As galáxias começam a “morrer” quando param de formar estrelas, mas até agora os astrônomos nunca tinham observado claramente o início deste processo numa galáxia distante. Com o auxílio do Atacama Large Millimeter/submillimeter Array (ALMA), do qual o Observatório Europeu do Sul (ESO) é um parceiro, os astrônomos observaram uma galáxia ejetar quase metade de seu gás de formação estelar. Essa ejeção está acontecendo a uma taxa surpreendente, equivalente a 10 000 sóis por ano, o que significa que a galáxia está perdendo muito rapidamente o “combustível” necessário à formação de novas estrelas. A equipe pensa que este evento terá sido desencadeado pela colisão com outra galáxia, o que poderá levar os astrônomos a repensar o modo como as galáxias param de formar novas estrelas.
“Esta é
a primeira vez que observamos uma galáxia com formação estelar massiva típica
no Universo distante prestes a ‘morrer’ devido a uma ejeção massiva de gás
frio,” disse Annagrazia Puglisi, pesquisadora principal do novo estudo, da
Universidade de Durham, Reino Unido, e do Centro de Investigação Nuclear de
Saclay (CEA-Saclay), França. A galáxia, ID2299, está tão distante que a sua luz
demora 9 bilhões de anos a chegar até nós; vemos isso quando o Universo tinha
apenas 4,5 bilhões de anos.
A ejeção de gás está acontecendo a uma taxa equivalente a 10 000 sóis por ano,
removendo incríveis 46% do gás frio total existente na ID2299. Como a galáxia
também está formando estrelas muito rapidamente, centenas de vezes mais rápido
que a Via Láctea, o gás restante será rapidamente consumido em apenas algumas
dezenas de milhões de anos.
O evento
responsável pela perda espetacular de gás, a equipe acredita, é uma colisão
entre duas galáxias, que eventualmente se fundiram para formar o ID2299. A
pista elusiva que apontou os cientistas para esse cenário foi a associação do
gás ejetado com uma “cauda de maré”. As caudas de maré são correntes alongadas
de estrelas e gás que se estendem para o espaço interestelar e que são criadas
quando duas galáxias se fundem, mas que são normalmente muito tênues para
poderem ser observadas em galáxias distantes. No entanto, a equipe conseguiu
observar esta estrutura relativamente brilhante exatamente quando estava se
lançando ao espaço e foi capaz de identificá-la como uma cauda de maré.

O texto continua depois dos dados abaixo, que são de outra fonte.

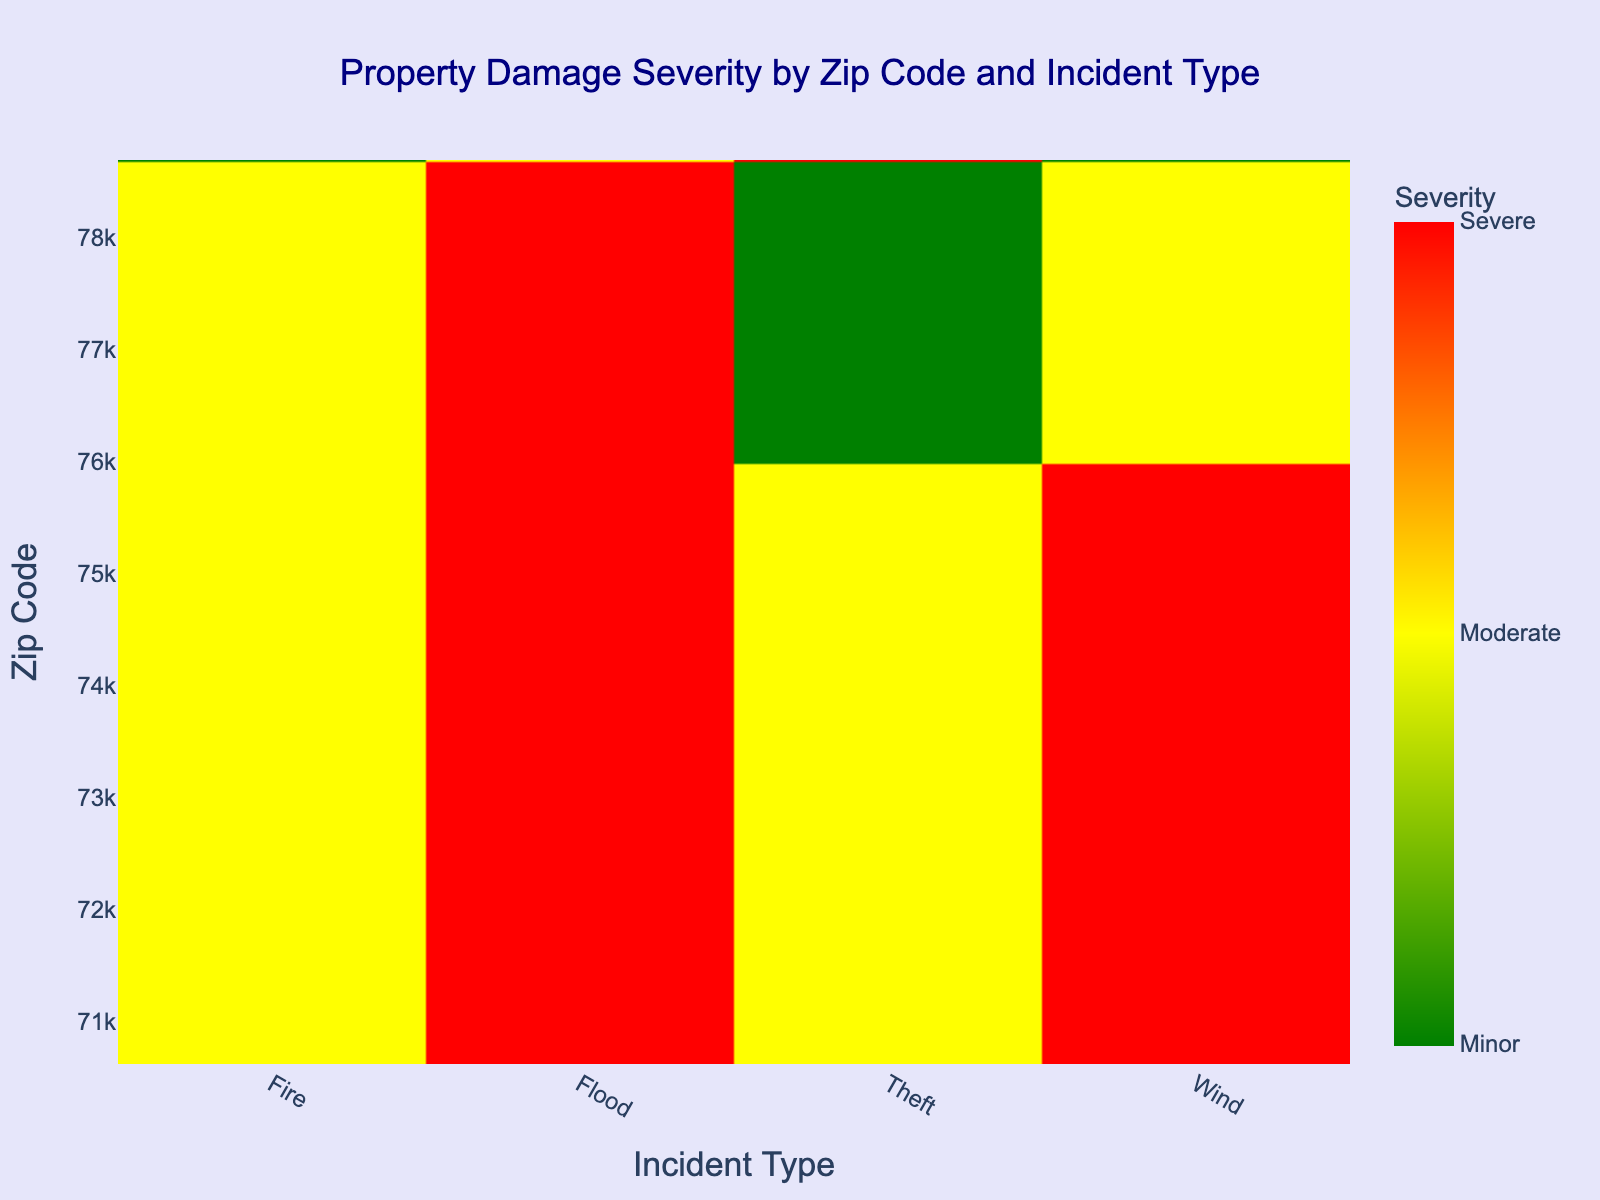What's the overall title of the heatmap? The overall title is positioned at the top center of the figure. By visually examining the title section, we can determine the title of the heatmap.
Answer: Property Damage Severity by Zip Code and Incident Type Which incident type in Zip Code 78665 has the highest severity level? By locating Zip Code 78665 on the y-axis and scanning horizontally across its row, we observe the colors corresponding to different incident types. The darkest/red cell represents the highest severity.
Answer: Wind How many incident types in Zip Code 73301 are categorized as Moderate or higher severity? Identify the row for Zip Code 73301, and examine the cells to count those with severity represented by yellow (Moderate) or red (Severe).
Answer: 3 What is the color associated with Minor severity? The color scale bar on the right side of the heatmap shows the correspondence between severity levels and colors. Minor severity is the first level on the gradient.
Answer: Green Which Zip Code has the least severe property damage for Flood incidents? By examining the Flood column and identifying the lightest shade (green corresponds to Minor), we determine which Zip Code has the least severe damage.
Answer: 78681 How does the severity of Fire incidents in Zip Code 78665 compare to that in Zip Code 73301? Locate the Fire column and compare the colors representing severity for Zip Code 78665 and Zip Code 73301. The more intense the color shade, the higher the severity.
Answer: 78665 is more severe than 73301 What is the average severity of Theft incidents across all Zip Codes? Note that Minor is 1, Moderate is 2, and Severe is 3. Sum the severity values for Theft incidents across all Zip Codes and then divide by the number of Zip Codes. [(1+3+2+1)/4]=1.75
Answer: 1.75 What colors are predominantly used in the heatmap, and what do they signify? Assess the overall color distribution in the heatmap. Each color correlates with a severity level: green for Minor, yellow for Moderate, and red for Severe.
Answer: Green, yellow, red Which incident type shows the highest variability in severity across different Zip Codes? Observe the range of colors within each column (incident type) and determine which has the greatest spread from green to red, indicating high variability.
Answer: Theft Is there any Zip Code that has no Severe property damage for any incident type? Scan each row for the presence of red cells (Severe). If a row lacks any red cell, it indicates no Severe damage.
Answer: 78681 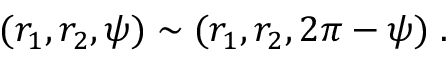<formula> <loc_0><loc_0><loc_500><loc_500>( r _ { 1 } , r _ { 2 } , \psi ) \sim ( r _ { 1 } , r _ { 2 } , 2 \pi - \psi ) \, .</formula> 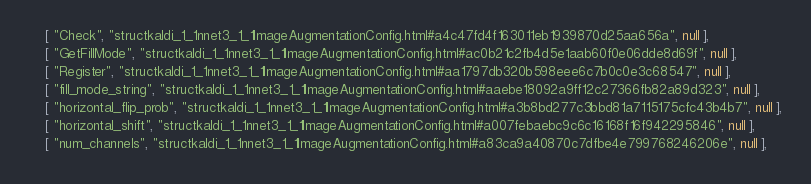<code> <loc_0><loc_0><loc_500><loc_500><_JavaScript_>    [ "Check", "structkaldi_1_1nnet3_1_1ImageAugmentationConfig.html#a4c47fd4f163011eb1939870d25aa656a", null ],
    [ "GetFillMode", "structkaldi_1_1nnet3_1_1ImageAugmentationConfig.html#ac0b21c2fb4d5e1aab60f0e06dde8d69f", null ],
    [ "Register", "structkaldi_1_1nnet3_1_1ImageAugmentationConfig.html#aa1797db320b598eee6c7b0c0e3c68547", null ],
    [ "fill_mode_string", "structkaldi_1_1nnet3_1_1ImageAugmentationConfig.html#aaebe18092a9ff12c27366fb82a89d323", null ],
    [ "horizontal_flip_prob", "structkaldi_1_1nnet3_1_1ImageAugmentationConfig.html#a3b8bd277c3bbd81a7115175cfc43b4b7", null ],
    [ "horizontal_shift", "structkaldi_1_1nnet3_1_1ImageAugmentationConfig.html#a007febaebc9c6c16168f16f942295846", null ],
    [ "num_channels", "structkaldi_1_1nnet3_1_1ImageAugmentationConfig.html#a83ca9a40870c7dfbe4e799768246206e", null ],</code> 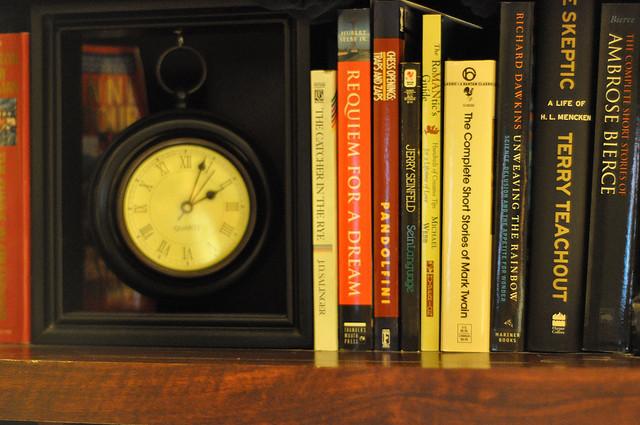How many books are there to the right of the clock?
Quick response, please. 9. What time is it?
Keep it brief. 2:03. Are the books on the right?
Quick response, please. Yes. 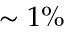Convert formula to latex. <formula><loc_0><loc_0><loc_500><loc_500>\sim 1 \%</formula> 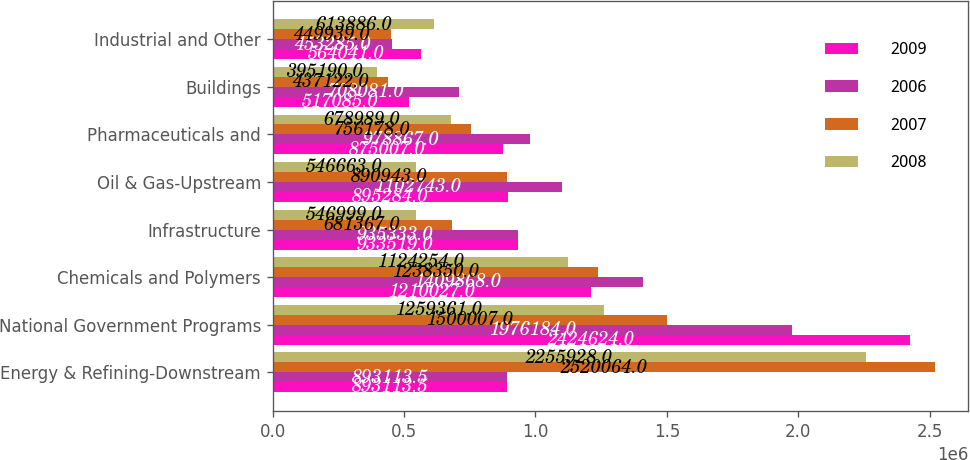Convert chart. <chart><loc_0><loc_0><loc_500><loc_500><stacked_bar_chart><ecel><fcel>Energy & Refining-Downstream<fcel>National Government Programs<fcel>Chemicals and Polymers<fcel>Infrastructure<fcel>Oil & Gas-Upstream<fcel>Pharmaceuticals and<fcel>Buildings<fcel>Industrial and Other<nl><fcel>2009<fcel>893114<fcel>2.42462e+06<fcel>1.21003e+06<fcel>933519<fcel>895284<fcel>875007<fcel>517085<fcel>564041<nl><fcel>2006<fcel>893114<fcel>1.97618e+06<fcel>1.40987e+06<fcel>935333<fcel>1.10274e+06<fcel>978867<fcel>708081<fcel>453285<nl><fcel>2007<fcel>2.52006e+06<fcel>1.50001e+06<fcel>1.23835e+06<fcel>681367<fcel>890943<fcel>756178<fcel>437122<fcel>449939<nl><fcel>2008<fcel>2.25593e+06<fcel>1.25936e+06<fcel>1.12425e+06<fcel>546999<fcel>546663<fcel>678989<fcel>395190<fcel>613886<nl></chart> 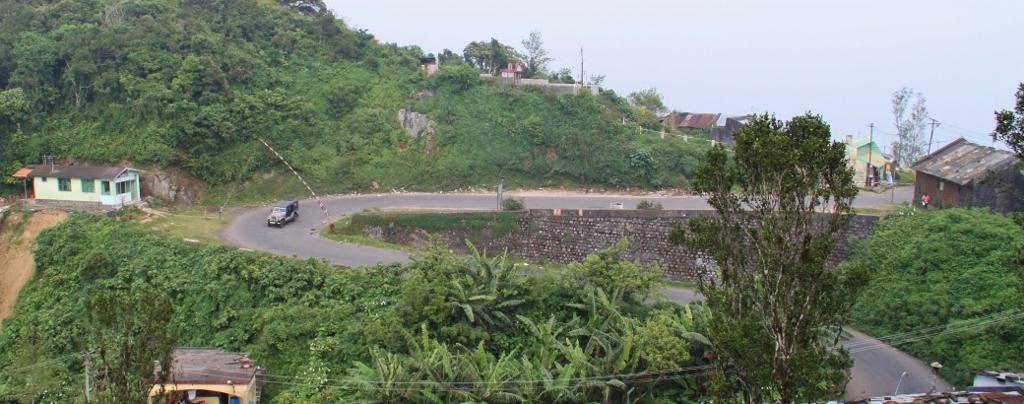What type of natural elements can be seen in the image? There are trees and hills visible in the image. What is happening on the road in the image? Vehicles are moving on the road in the image. What type of structures are present in the image? There are houses in the image. What else can be seen in the image besides the trees, vehicles, houses, and hills? Poles and wires are present in the image. What is visible in the background of the image? The sky is visible in the background of the image. What type of gold ornament is hanging from the wires in the image? There is no gold ornament present in the image; only poles and wires are visible. What type of meal is being prepared in the image? There is no meal being prepared in the image; the focus is on the trees, vehicles, houses, hills, poles, wires, and sky. 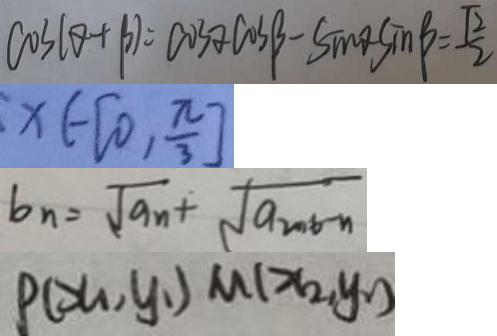Convert formula to latex. <formula><loc_0><loc_0><loc_500><loc_500>\cos ( \theta + \beta ) = \cos \alpha \cos \beta - \sin \theta \sin \beta = \frac { \sqrt { 2 } } { 2 } 
 x \in [ 0 , \frac { \pi } { 3 } ] 
 b _ { n } = \sqrt { a _ { n } } + \sqrt { a _ { 2 0 0 6 } - n } 
 P ( x _ { 1 } , y _ { 1 } ) M ( x _ { 2 } , y _ { 2 } )</formula> 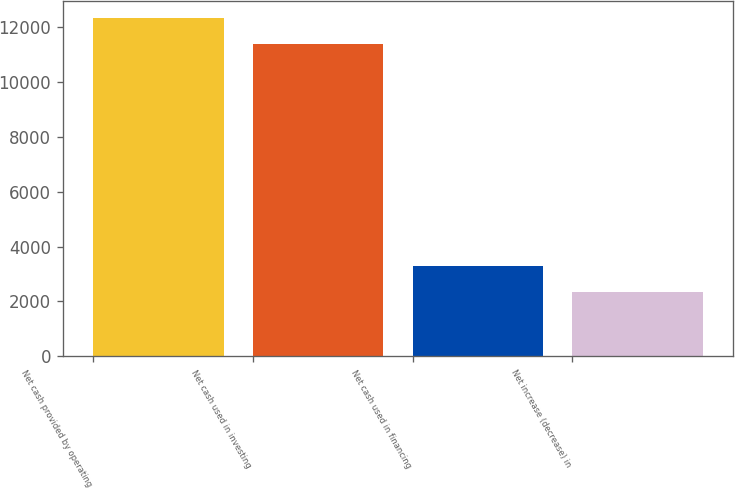Convert chart. <chart><loc_0><loc_0><loc_500><loc_500><bar_chart><fcel>Net cash provided by operating<fcel>Net cash used in investing<fcel>Net cash used in financing<fcel>Net increase (decrease) in<nl><fcel>12316.2<fcel>11359<fcel>3307.2<fcel>2350<nl></chart> 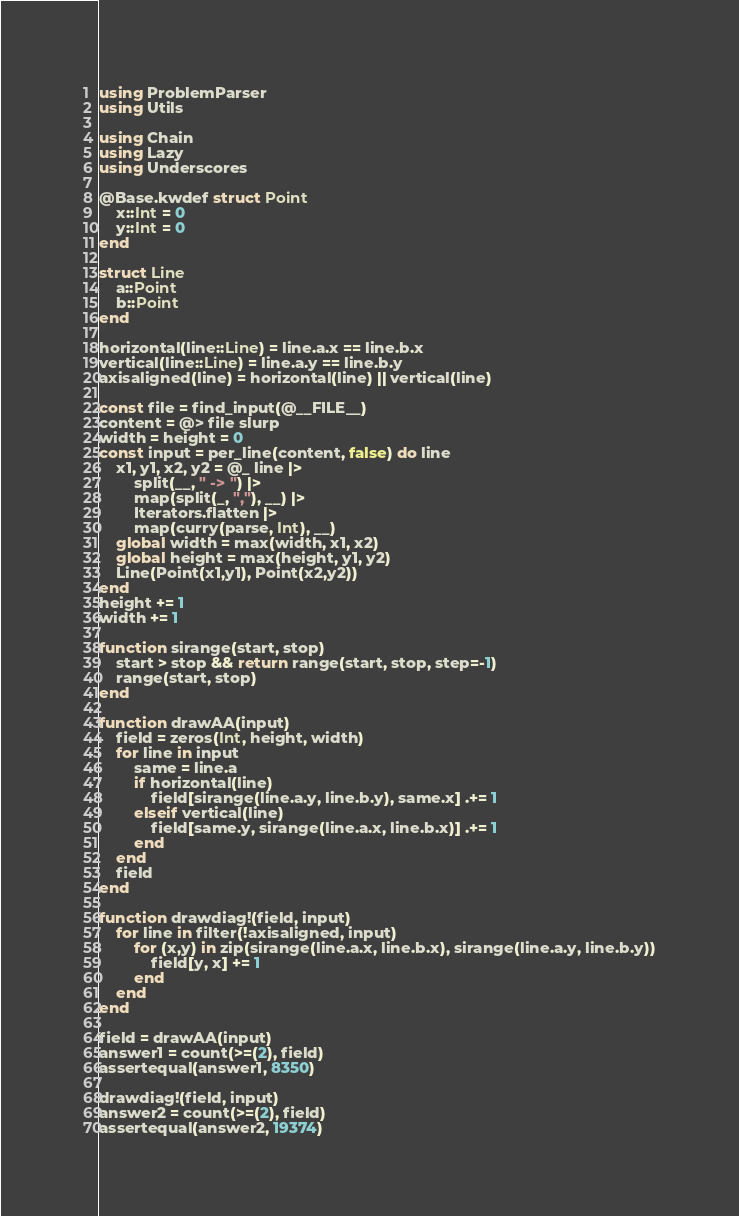Convert code to text. <code><loc_0><loc_0><loc_500><loc_500><_Julia_>using ProblemParser
using Utils

using Chain
using Lazy
using Underscores

@Base.kwdef struct Point
    x::Int = 0
    y::Int = 0
end

struct Line
    a::Point
    b::Point
end

horizontal(line::Line) = line.a.x == line.b.x
vertical(line::Line) = line.a.y == line.b.y
axisaligned(line) = horizontal(line) || vertical(line)

const file = find_input(@__FILE__)
content = @> file slurp
width = height = 0
const input = per_line(content, false) do line
    x1, y1, x2, y2 = @_ line |>
        split(__, " -> ") |>
        map(split(_, ","), __) |>
        Iterators.flatten |>
        map(curry(parse, Int), __)
    global width = max(width, x1, x2)
    global height = max(height, y1, y2)
    Line(Point(x1,y1), Point(x2,y2))
end
height += 1
width += 1

function sirange(start, stop)
    start > stop && return range(start, stop, step=-1)
    range(start, stop)
end

function drawAA(input)
    field = zeros(Int, height, width)
    for line in input
        same = line.a
        if horizontal(line)
            field[sirange(line.a.y, line.b.y), same.x] .+= 1
        elseif vertical(line)
            field[same.y, sirange(line.a.x, line.b.x)] .+= 1
        end
    end
    field
end

function drawdiag!(field, input)
    for line in filter(!axisaligned, input)
        for (x,y) in zip(sirange(line.a.x, line.b.x), sirange(line.a.y, line.b.y))
            field[y, x] += 1
        end
    end
end

field = drawAA(input)
answer1 = count(>=(2), field)
assertequal(answer1, 8350)

drawdiag!(field, input)
answer2 = count(>=(2), field)
assertequal(answer2, 19374)
</code>

A maioria dos astrônomos acredita que os ventos causados pela formação estelar
e a atividade de buracos negros nos centros de galáxias massivas são
responsáveis por lançar para o espaço material que, de outro modo, seria
utilizado na formação estelar, terminando assim com a capacidade das galáxias
de formar novas estrelas. Contudo, o novo estudo publicado hoje na Nature
Astronomy sugere que as fusões galácticas podem também ser
responsáveis por ejetar para o espaço este “combustível” de formação
estelar.
“O nosso estudo sugere que as ejeções de gás podem ter origem em fusões e
que ventos e caudas de maré podem parecer muito semelhantes,” explica o
co-autor do estudo Emanuele Daddi do CEA-Saclay. Por causa disso, algumas das
equipes que anteriormente identificaram ventos lançados por galáxias distantes
poderão de fato ter observado caudas de maré ejetando gás dessas galáxias. “Este
fato pode nos levar a rever o que sabemos sobre como ‘morrem’ as galáxias
distantes,” acrescenta Daddi.
Puglisi concorda com a importância da descoberta da equipe: “Fiquei muito
entusiasmada ao descobrir uma galáxia tão excepcional! Estava ansiosa para
aprender mais sobre este estranho objeto, pois convenci-me de que havia aqui
uma lição importante sobre a evolução de galáxias distantes.”
Esta
descoberta surpreendente foi feita por acaso quando a equipe estava a analisar
um levantamento de galáxias obtido pelo ALMA com
o objetivo de estudar as propriedades do gás frio em mais de 100 galáxias
distantes. A ID2299 foi observada pelo ALMA durante apenas alguns minutos, mas
o poderoso observatório, localizado no norte do Chile, permitiu à equipe
coletar dados suficientes para detectar a galáxia e a sua cauda de ejeção.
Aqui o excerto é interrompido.